Using a large number of such kernel functions centered at different orientations allows to approximate arbitrary orientation dependent function. In MTEX superposition of radial functions naturally occur when performing ODF reconstruction from pole figure data or kernel density estimation from a small number of orientations, e.g.

% some random orientations
ori = orientation.rand(200,cs);

% perform kernel density estimation
SO3F = calcDensity(ori,'kernel',psi)
SO3F = SO3FunRBF (m-3m → xyz)
 
  multimodal components
  kernel: de la Vallee Poussin, halfwidth 15°
  center: 200 orientations

For further information see superposition of radial function.
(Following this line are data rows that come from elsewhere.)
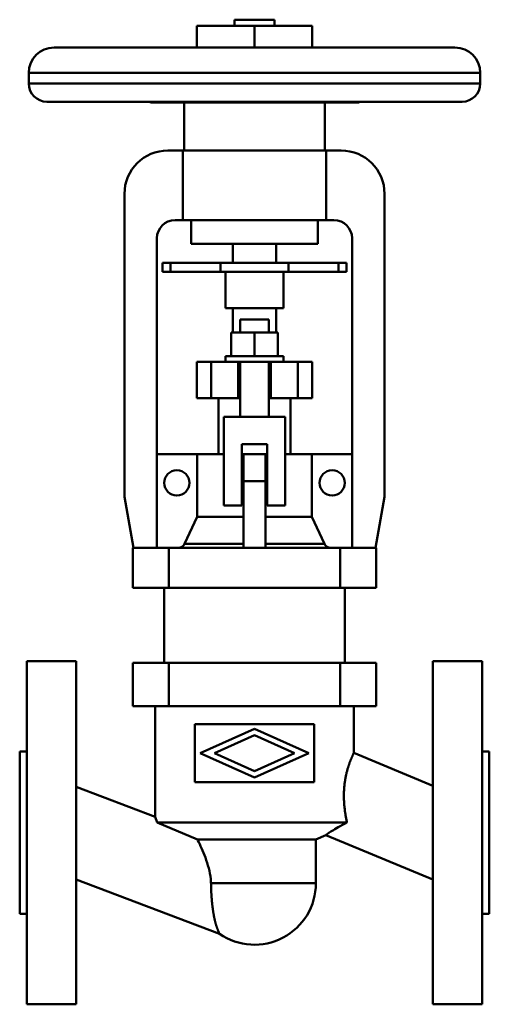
# Model space of a CAD drawing. Header units: millimetres. Extents: x 0 to 130, y -48 to 225.
import ezdxf

# ---------------------------------------------------------------- set-up
doc = ezdxf.new("R2010")
doc.units = ezdxf.units.MM
doc.layers.add('AM_0', color=7, linetype='Continuous', lineweight=30)

msp = doc.modelspace()

# ---------------------------------------------------------------- linework, layer by layer
at = {"layer": 'AM_0', "color": 7, "linetype": 'Continuous', "lineweight": 50}
for p, q in [((59.5, 225), (59.5, 223.3)), ((59.5, 225), (70.5, 225)), ((70.5, 223.3), (70.5, 225)), ((49, 223.3), (81, 223.3)), ((49, 223.3), (49, 217.3)), ((65, 223.3), (65, 217.3)), ((81, 223.3), (81, 217.3)), ((9.5, 217.3), (120.5, 217.3)), ((2.5, 210.3), (2.5, 207.3)), ((2.5, 210.3), (127.5, 210.3)), ((127.5, 207.3), (127.5, 210.3)), ((2.5, 207.3), (127.5, 207.3)), ((7.5, 202.3), (122.5, 202.3)), ((36.4, 202.1), (93.6, 202.1)), ((45.5, 202.1), (45.5, 188.8)), ((84.5, 188.8), (84.5, 202.1)), ((94, 202.19), (94, 202.3)), ((41, 188.8), (89, 188.8)), ((45.2, 169.5), (45.2, 188.8)), ((84.8, 188.8), (84.8, 169.5)), ((29, 92.98), (29, 176.8)), ((101, 176.8), (101, 92.98)), ((87, 169.5), (43, 169.5)), ((47.5, 169.5), (47.5, 163)), ((82.5, 163), (82.5, 169.5)), ((38, 164.5), (38, 78.8)), ((92, 78.8), (92, 164.5)), ((47.5, 163), (82.5, 163)), ((59, 163), (59, 157.7)), ((71, 157.7), (71, 163)), ((39.5, 157.7), (90.5, 157.7)), ((39.5, 157.7), (39.5, 155.2)), ((41.78, 157.7), (41.78, 155.2)), ((55.6, 157.7), (55.6, 155.2)), ((74.4, 157.7), (74.4, 155.2)), ((88.22, 157.7), (88.22, 155.2)), ((90.5, 157.7), (90.5, 155.2)), ((39.5, 155.2), (90.5, 155.2)), ((57, 155.2), (57, 145.2)), ((73, 145.2), (73, 155.2)), ((57, 145.2), (73, 145.2)), ((59, 145.2), (59, 138.4)), ((71, 138.4), (71, 145.2)), ((61, 142.05), (61, 138.4)), ((61, 142.05), (69, 142.05)), ((69, 138.4), (69, 142.05)), ((58.5, 131.9), (58.5, 138.4)), ((71.5, 138.4), (58.5, 138.4)), ((65, 131.9), (65, 138.4)), ((71.5, 131.9), (71.5, 138.4)), ((57, 131.9), (57, 130.3)), ((73, 131.9), (57, 131.9)), ((73, 130.3), (73, 131.9)), ((49, 130.3), (49, 120.3)), ((81, 130.3), (49, 130.3)), ((49.08, 120.3), (49.08, 130.3)), ((53, 120.3), (53, 130.3)), ((60.5, 120.3), (60.5, 130.3)), ((61, 130.3), (61, 115.05)), ((69, 115.05), (69, 130.3)), ((69.5, 120.3), (69.5, 130.3)), ((77, 120.3), (77, 130.3)), ((80.92, 120.3), (80.92, 130.3)), ((81, 120.3), (81, 130.3)), ((49, 120.3), (61, 120.3)), ((55, 120.3), (55, 104.8)), ((69, 120.3), (81, 120.3)), ((75, 104.8), (75, 120.3)), ((56.5, 90.55), (56.5, 115.05)), ((56.5, 115.05), (73.5, 115.05)), ((73.5, 115.05), (73.5, 90.55)), ((61.5, 107.55), (61.5, 90.55)), ((68.5, 107.55), (61.5, 107.55)), ((68.5, 90.55), (68.5, 107.55)), ((38, 104.8), (56.5, 104.8)), ((49.13, 87.38), (49.13, 104.8)), ((61.5, 104.8), (68.5, 104.8)), ((62, 78.8), (62, 104.8)), ((68, 78.8), (68, 104.8)), ((73.5, 104.8), (92, 104.8)), ((80.87, 104.8), (80.87, 87.38)), ((62, 97.3), (68, 97.3)), ((31.5, 78.8), (29, 92.98)), ((101, 92.98), (98.5, 78.8)), ((61.5, 90.55), (56.5, 90.55)), ((73.5, 90.55), (68.5, 90.55)), ((45.64, 79.95), (49.13, 87.38)), ((49.13, 87.38), (62, 87.38)), ((68, 87.38), (80.87, 87.38)), ((80.87, 87.38), (84.36, 79.95)), ((45.64, 79.95), (62, 79.95)), ((68, 79.95), (84.36, 79.95)), ((31.31, 78.8), (31.31, 67.8)), ((31.31, 78.8), (98.69, 78.8)), ((41.31, 78.8), (41.31, 67.8)), ((88.69, 78.8), (88.69, 67.8)), ((98.69, 78.8), (98.69, 67.8)), ((98.69, 67.8), (31.31, 67.8)), ((40, 67.8), (40, 47)), ((90, 47), (90, 67.8)), ((15.6, 47.5), (2, 47.5)), ((2, 47.5), (2, -47.5)), ((15.6, -47.5), (15.6, 47.5)), ((31.31, 47), (31.31, 35)), ((31.31, 47), (98.69, 47)), ((41.31, 47), (41.31, 35)), ((88.69, 47), (88.69, 35)), ((98.69, 47), (98.69, 35)), ((128, 47.5), (114.4, 47.5)), ((114.4, -47.5), (114.4, 47.5)), ((128, -47.5), (128, 47.5)), ((98.69, 35), (31.31, 35)), ((37.5, 35), (37.5, 4.43)), ((92.5, 22.09), (92.5, 35)), ((81.5, 30), (48.5, 30)), ((48.5, 30), (48.5, 14)), ((81.5, 14), (81.5, 30)), ((50, 22), (65, 28.7)), ((65, 28.7), (80, 22)), ((65, 26.95), (53.92, 22)), ((76.08, 22), (65, 26.95)), ((2, 22.5), (0, 22.5)), ((0, -22.5), (0, 22.5)), ((65, 15.3), (50, 22)), ((53.92, 22), (65, 17.05)), ((80, 22), (65, 15.3)), ((65, 17.05), (76.08, 22)), ((114.4, 12.99), (92.5, 22.09)), ((130, 22.5), (128, 22.5)), ((130, 22.5), (130, -22.5)), ((48.5, 14), (81.5, 14)), ((37.5, 4.43), (15.6, 12.73)), ((37.5, 4.43), (38.05, 2.8)), ((90.59, 2.8), (38.05, 2.8)), ((49.2, -1.9), (38.05, 2.8)), ((82, -1.9), (49.2, -1.9)), ((82, -1.9), (84.73, -0.68)), ((82, -14), (82, -1.9)), ((84.73, -0.68), (114.4, -12.99)), ((15.6, -12.94), (55.33, -27.98)), ((82, -14), (52.96, -14)), ((0, -22.5), (2, -22.5)), ((128, -22.5), (130, -22.5)), ((2, -47.5), (15.6, -47.5)), ((114.4, -47.5), (128, -47.5))]:
    msp.add_line(p, q, dxfattribs=at)
for points in [[(53.43, 202.3), (52.44, 202.23), (50.5, 202.19), (48.56, 202.23), (47.57, 202.3)], [(43.82, 78.8), (43.88, 78.8), (44, 78.81), (44.13, 78.82), (44.2, 78.84), (44.26, 78.85), (44.38, 78.88), (44.5, 78.92), (44.62, 78.96), (44.73, 79.02), (44.84, 79.08), (44.9, 79.11), (44.95, 79.15), (45.06, 79.22), (45.15, 79.3), (45.24, 79.39), (45.33, 79.48), (45.41, 79.57), (45.45, 79.62), (45.48, 79.68), (45.55, 79.79), (45.61, 79.9), (45.64, 79.95)], [(84.36, 79.95), (84.39, 79.9), (84.45, 79.79), (84.52, 79.68), (84.55, 79.62), (84.59, 79.57), (84.67, 79.48), (84.76, 79.39), (84.85, 79.3), (84.94, 79.22), (85.05, 79.15), (85.1, 79.11), (85.16, 79.08), (85.27, 79.02), (85.38, 78.96), (85.5, 78.92), (85.62, 78.88), (85.74, 78.85), (85.8, 78.84), (85.87, 78.82), (86, 78.81), (86.12, 78.8), (86.18, 78.8)], [(92.5, 22.09), (92.5, 22.09), (92.5, 22.08), (92.49, 22.07), (92.49, 22.07), (92.49, 22.06), (92.48, 22.04), (92.47, 22.02), (92.45, 21.99), (92.44, 21.96), (92.42, 21.92), (92.41, 21.9), (92.4, 21.88), (92.38, 21.83), (92.35, 21.78), (92.33, 21.73), (92.3, 21.67), (92.27, 21.6), (92.25, 21.56), (92.24, 21.53), (92.2, 21.45), (92.17, 21.37), (92.15, 21.33), (92.13, 21.29), (92.09, 21.2), (92.04, 21.1), (92.02, 21.05), (92, 21), (91.96, 20.9), (91.91, 20.79), (91.86, 20.68), (91.81, 20.56), (91.76, 20.44), (91.74, 20.38), (91.71, 20.32), (91.66, 20.19), (91.61, 20.05), (91.55, 19.92), (91.5, 19.78), (91.44, 19.63), (91.42, 19.56), (91.39, 19.48), (91.33, 19.33), (91.28, 19.18), (91.22, 19.02), (91.17, 18.86), (91.11, 18.7), (91.08, 18.62), (91.06, 18.53), (91, 18.36), (90.94, 18.19), (90.89, 18), (90.83, 17.82), (90.78, 17.63), (90.75, 17.54), (90.72, 17.44), (90.67, 17.24), (90.61, 17.04), (90.56, 16.84), (90.51, 16.63), (90.46, 16.41), (90.43, 16.31), (90.41, 16.2), (90.36, 15.98), (90.31, 15.76), (90.28, 15.65), (90.26, 15.53), (90.22, 15.31), (90.17, 15.08), (90.15, 14.96), (90.13, 14.85), (90.09, 14.61), (90.06, 14.37), (90.02, 14.14), (89.99, 13.89), (89.95, 13.65), (89.94, 13.53), (89.92, 13.41), (89.9, 13.16), (89.87, 12.92), (89.85, 12.67), (89.83, 12.43), (89.81, 12.18), (89.8, 12.06), (89.79, 11.93), (89.78, 11.69), (89.77, 11.44), (89.76, 11.19), (89.75, 10.95), (89.75, 10.71), (89.75, 10.58), (89.74, 10.46), (89.74, 10.22), (89.74, 9.98), (89.75, 9.74), (89.75, 9.5), (89.76, 9.26), (89.76, 9.14), (89.77, 9.01), (89.78, 8.77), (89.79, 8.53), (89.81, 8.29), (89.82, 8.04), (89.84, 7.8), (89.85, 7.68), (89.86, 7.56), (89.88, 7.32), (89.91, 7.08), (89.92, 6.96), (89.93, 6.84), (89.96, 6.6), (89.99, 6.36), (90, 6.24), (90.02, 6.12), (90.05, 5.88), (90.08, 5.65), (90.12, 5.41), (90.15, 5.18), (90.19, 4.94), (90.21, 4.83), (90.23, 4.71), (90.27, 4.48), (90.31, 4.25), (90.35, 4.02), (90.39, 3.8), (90.43, 3.57), (90.46, 3.46), (90.48, 3.35), (90.52, 3.13), (90.57, 2.91), (90.59, 2.8)], [(90.59, 2.8), (90.31, 2.66), (89.74, 2.37), (89.2, 2.08), (88.93, 1.93), (88.67, 1.79), (88.17, 1.51), (87.7, 1.24), (87.26, 0.98), (86.86, 0.74), (86.49, 0.52), (86.32, 0.41), (86.16, 0.3), (85.85, 0.1), (85.58, -0.08), (85.43, -0.18), (85.39, -0.21), (85.35, -0.23), (85.34, -0.25), (85.32, -0.26), (85.28, -0.28), (85.25, -0.31), (85.21, -0.33), (85.18, -0.35), (85.15, -0.38), (85.13, -0.39), (85.12, -0.4), (85.09, -0.42), (85.06, -0.44), (85.03, -0.46), (85.01, -0.48), (84.98, -0.49), (84.97, -0.5), (84.96, -0.51), (84.94, -0.53), (84.92, -0.54), (84.91, -0.55), (84.85, -0.59), (84.78, -0.64), (84.74, -0.67), (84.73, -0.68)], [(49.2, -1.9), (49.33, -2.15), (49.57, -2.66), (49.83, -3.2), (49.96, -3.47), (50.08, -3.75), (50.34, -4.32), (50.6, -4.92), (50.87, -5.55), (51.13, -6.21), (51.39, -6.89), (51.52, -7.24), (51.65, -7.59), (51.89, -8.31), (52.12, -9.04), (52.33, -9.78), (52.51, -10.54), (52.67, -11.3), (52.74, -11.69), (52.8, -12.07), (52.89, -12.84), (52.93, -13.29), (52.93, -13.42), (52.94, -13.55), (52.94, -13.62), (52.95, -13.68), (52.95, -13.81), (52.95, -13.94), (52.96, -14)], [(52.96, -14), (52.96, -14.09), (52.96, -14.27), (52.97, -14.46), (52.97, -14.55), (52.97, -14.64), (52.98, -14.83), (52.98, -15.01), (52.99, -15.2), (52.99, -15.38), (53, -15.57), (53, -15.67), (53.01, -15.76), (53.01, -15.95), (53.02, -16.14), (53.03, -16.32), (53.04, -16.51), (53.05, -16.7), (53.06, -16.79), (53.06, -16.89), (53.07, -17.08), (53.08, -17.26), (53.09, -17.36), (53.09, -17.45), (53.11, -17.64), (53.12, -17.83), (53.13, -17.92), (53.13, -18.01), (53.15, -18.2), (53.16, -18.39), (53.18, -18.57), (53.19, -18.76), (53.21, -18.94), (53.22, -19.03), (53.22, -19.12), (53.24, -19.3), (53.26, -19.48), (53.28, -19.66), (53.3, -19.84), (53.32, -20.02), (53.33, -20.11), (53.34, -20.2), (53.36, -20.37), (53.38, -20.55), (53.4, -20.72), (53.42, -20.89), (53.45, -21.06), (53.46, -21.15), (53.47, -21.23), (53.49, -21.4), (53.52, -21.57), (53.54, -21.73), (53.57, -21.89), (53.59, -22.05), (53.6, -22.13), (53.62, -22.21), (53.64, -22.37), (53.67, -22.52), (53.7, -22.68), (53.73, -22.83), (53.75, -22.98), (53.77, -23.05), (53.78, -23.13), (53.81, -23.27), (53.84, -23.41), (53.86, -23.49), (53.87, -23.56), (53.9, -23.69), (53.93, -23.83), (53.94, -23.9), (53.96, -23.97), (53.99, -24.1), (54.02, -24.23), (54.05, -24.36), (54.09, -24.49), (54.12, -24.62), (54.13, -24.69), (54.15, -24.75), (54.18, -24.88), (54.22, -25), (54.25, -25.12), (54.29, -25.25), (54.32, -25.37), (54.34, -25.43), (54.36, -25.49), (54.39, -25.6), (54.43, -25.72), (54.46, -25.83), (54.5, -25.94), (54.53, -26.05), (54.55, -26.1), (54.57, -26.15), (54.6, -26.26), (54.64, -26.36), (54.68, -26.46), (54.71, -26.55), (54.75, -26.65), (54.76, -26.69), (54.78, -26.74), (54.81, -26.82), (54.85, -26.91), (54.88, -26.99), (54.91, -27.07), (54.95, -27.15), (54.96, -27.19), (54.98, -27.22), (55.01, -27.29), (55.04, -27.36), (55.05, -27.39), (55.06, -27.42), (55.09, -27.48), (55.12, -27.54), (55.13, -27.57), (55.14, -27.6), (55.17, -27.65), (55.19, -27.69), (55.21, -27.74), (55.23, -27.78), (55.25, -27.82), (55.26, -27.83), (55.26, -27.85), (55.28, -27.88), (55.29, -27.9), (55.3, -27.93), (55.31, -27.94), (55.32, -27.96), (55.32, -27.97), (55.32, -27.97), (55.33, -27.98), (55.33, -27.98), (55.33, -27.98)]]:
    msp.add_lwpolyline(points, dxfattribs=at)
for centre in [(43.5, 96.8), (86.5, 96.8)]:
    msp.add_circle(centre, 3.5, dxfattribs=at)
for centre, radius, start, end in [((9.5, 210.3), 7, 90, 180), ((120.5, 210.3), 7, 0, 90), ((7.5, 207.3), 5, 180, 270), ((122.5, 207.3), 5, 270, 0), ((36.4, 203.1), 1, 233.1301, 270), ((93.6, 203.1), 1, 270, 293.8269), ((41, 176.8), 12, 90, 180), ((89, 176.8), 12, 0, 90), ((43, 164.5), 5, 90, 180), ((87, 164.5), 5, 0, 90), ((65, -14), 17, 235.3328, 0)]:
    msp.add_arc(centre, radius, start, end, dxfattribs=at)

doc.saveas('drawing.dxf')

Superposition of Fiber Elements

Similarly as with radial functions, we may also represent an orientation dependent function also as a superposition of fibre components. The typical case is that we want to model an fiber ODF. This can be done as follows

% define a fibre
f = fibre.beta(cs)

% define a density function along this fiber
SO3F = SO3FunCBF(f,'halfwidth',10*degree)

% plot it
plot(SO3F)
f = fibre (m-3m → xyz)
 
  h || r: (12 6 11) || (1,1,4)
 o1 → o2: (0°,35.3°,45°) → (90°,62.8°,45°)
 
SO3F = SO3FunCBF (m-3m → xyz)
 
  kernel: de la Vallee Poussin, halfwidth 10°
  fibre : (12 6 11) || 1,1,4
  weight: 1

For further information, see fiber ODFs.

The Bingham Distribution

A last family of orientation dependent functions are Bingham distributions. Those are parameterized by a vector U of four orientations and a vector kappa of four values specifying the length and direction the half axes of a four dimensional ellipsoid.

kappa = [100 90 80 0];
U = [orientation.byAxisAngle(xvector,[0,180]*degree,cs),...
  orientation.byAxisAngle([yvector,zvector],180*degree,cs)]

SO3F = BinghamODF(kappa,U)

plot(SO3F)
U = orientation (m-3m → xyz)
  size: 1 x 4
 
  Bunge Euler angles in degree
  phi1  Phi phi2
     0    0    0
     0  180    0
    90  180  270
   180    0    0
 
 
SO3F = SO3FunBingham (m-3m → xyz)
 
  kappa: 100 90 80 0
  weight: 1

For further information, see SO3FunBingham.